SUPPLIED MATERIAL:
%%
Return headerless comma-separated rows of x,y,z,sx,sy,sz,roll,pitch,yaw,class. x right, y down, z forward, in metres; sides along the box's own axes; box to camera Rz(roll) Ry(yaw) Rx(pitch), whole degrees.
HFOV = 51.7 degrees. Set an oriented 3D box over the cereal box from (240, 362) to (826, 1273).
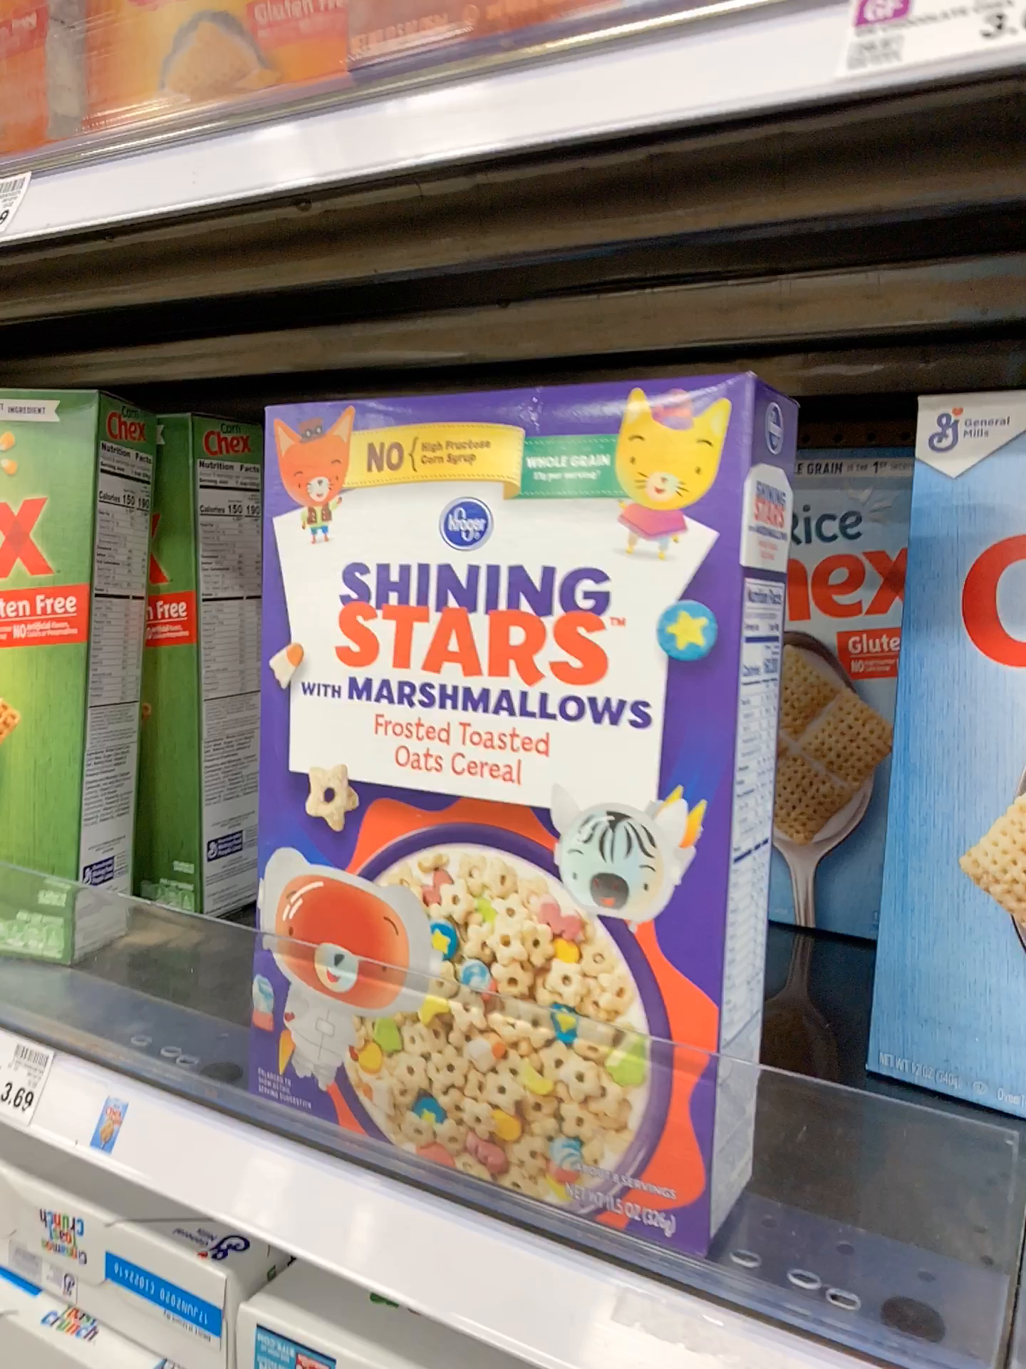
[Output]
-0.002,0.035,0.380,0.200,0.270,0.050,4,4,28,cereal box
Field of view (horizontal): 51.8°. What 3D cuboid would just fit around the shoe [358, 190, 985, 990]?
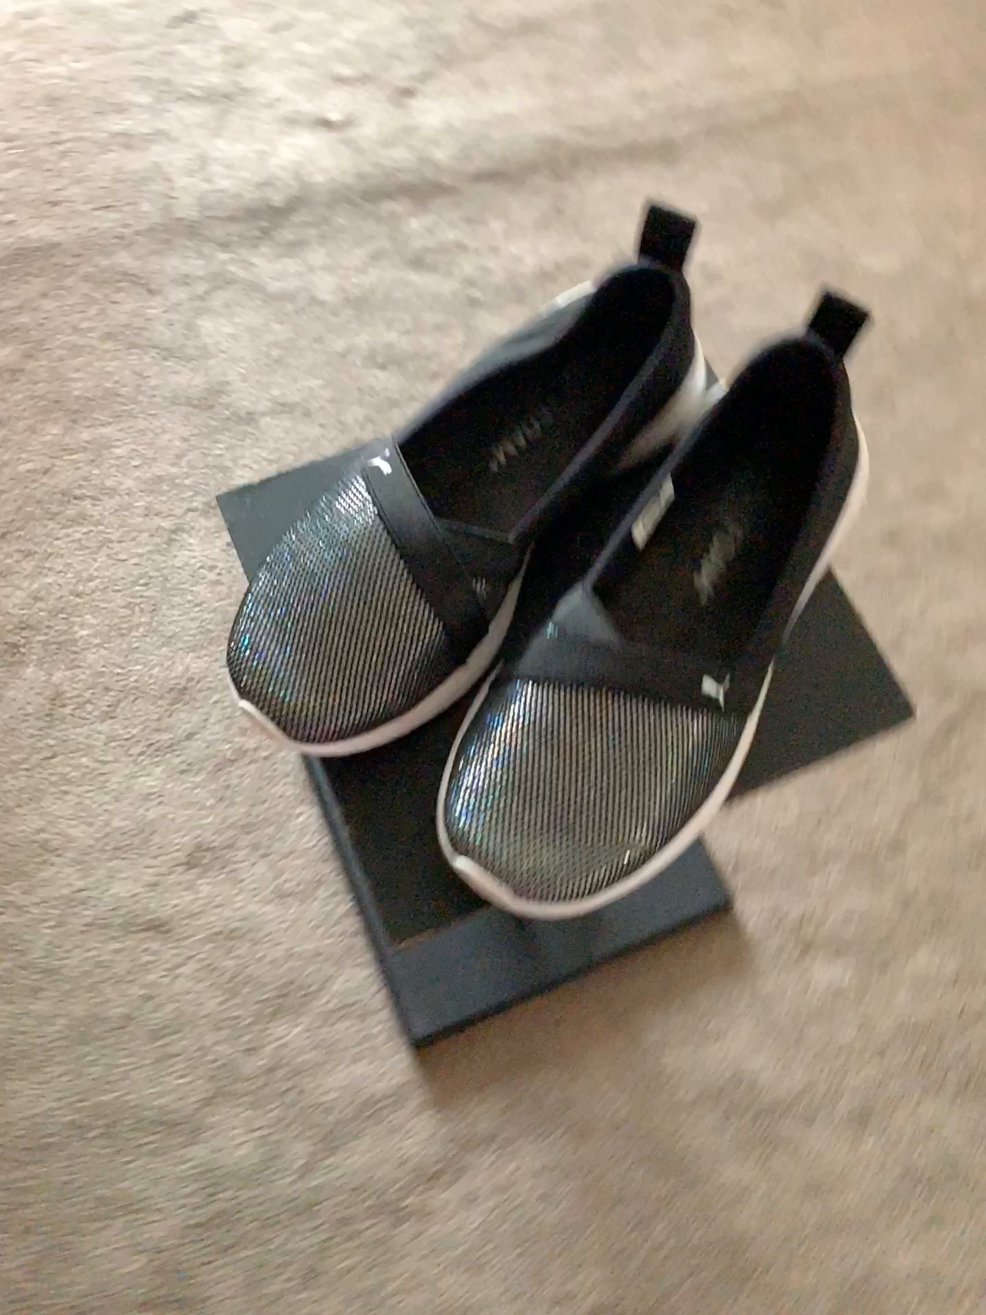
%%
%%
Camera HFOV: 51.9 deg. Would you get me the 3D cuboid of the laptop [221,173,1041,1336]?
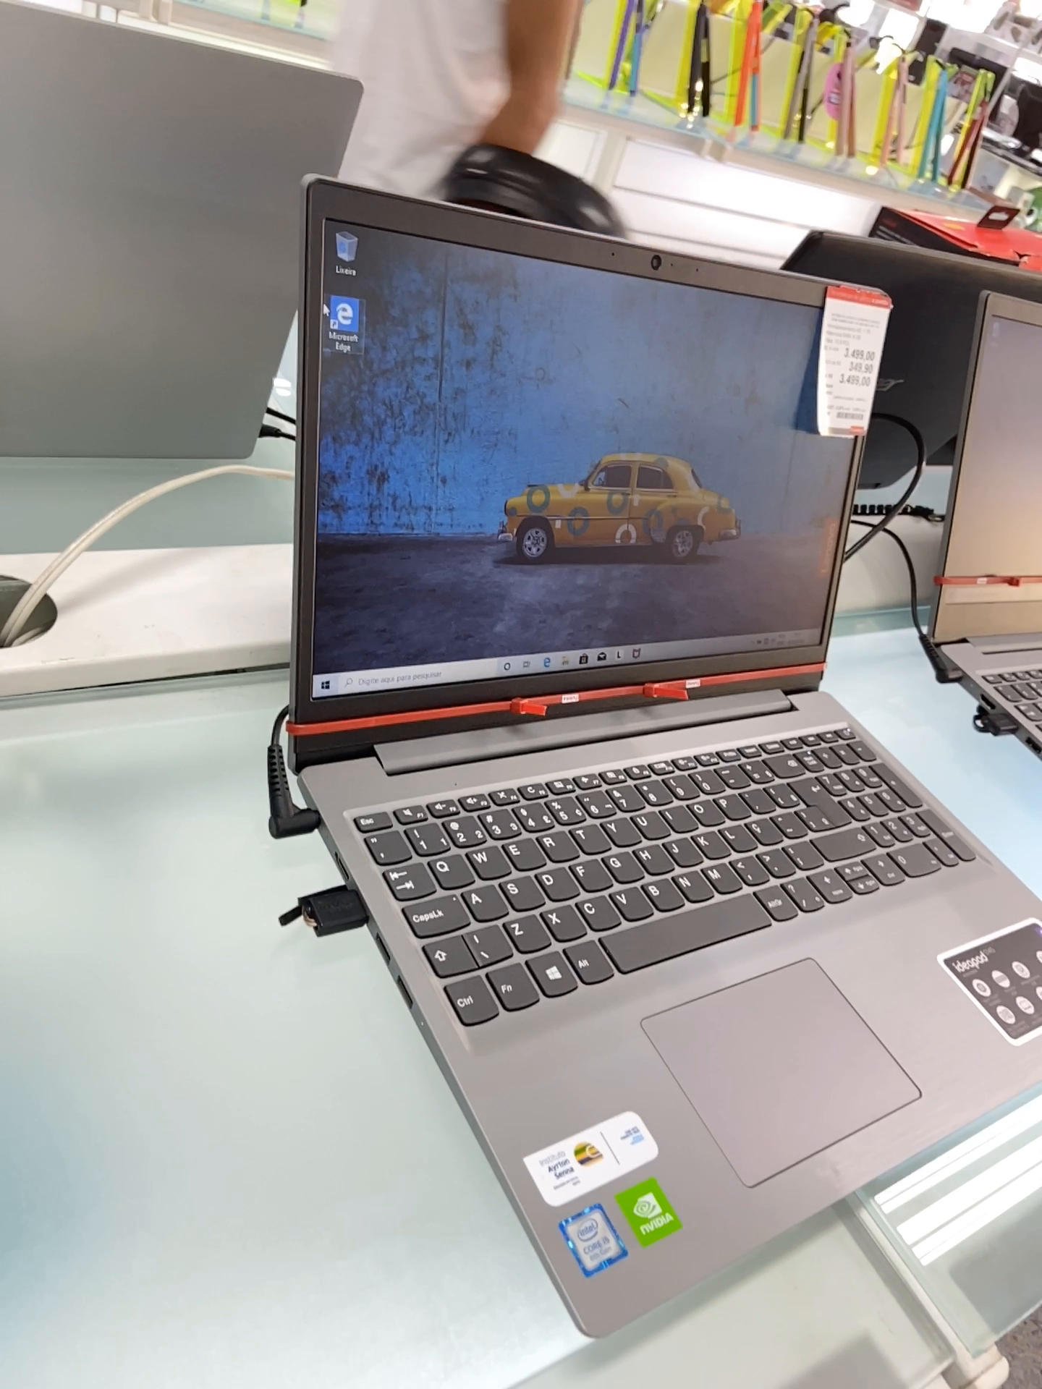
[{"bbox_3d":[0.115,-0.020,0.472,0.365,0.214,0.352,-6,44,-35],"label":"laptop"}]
%%
PROBLEM REQUIREMENTS:
Which lines of the records contain "degrees"? Show each of them.

FINAL ANSWER:
Return headerless comma-separated rows of x,y,z,sx,sy,sz,roll,pitch,yaw,class. x right, y down, z forward, in metres; sides along the box's own axes; box to camera Rz(roll) Ry(yaw) Rx(pitch), whole degrees.
HFOV = 51.7 degrees. Set an oriented 3D box over the cereal box from (240, 362) to (826, 1273).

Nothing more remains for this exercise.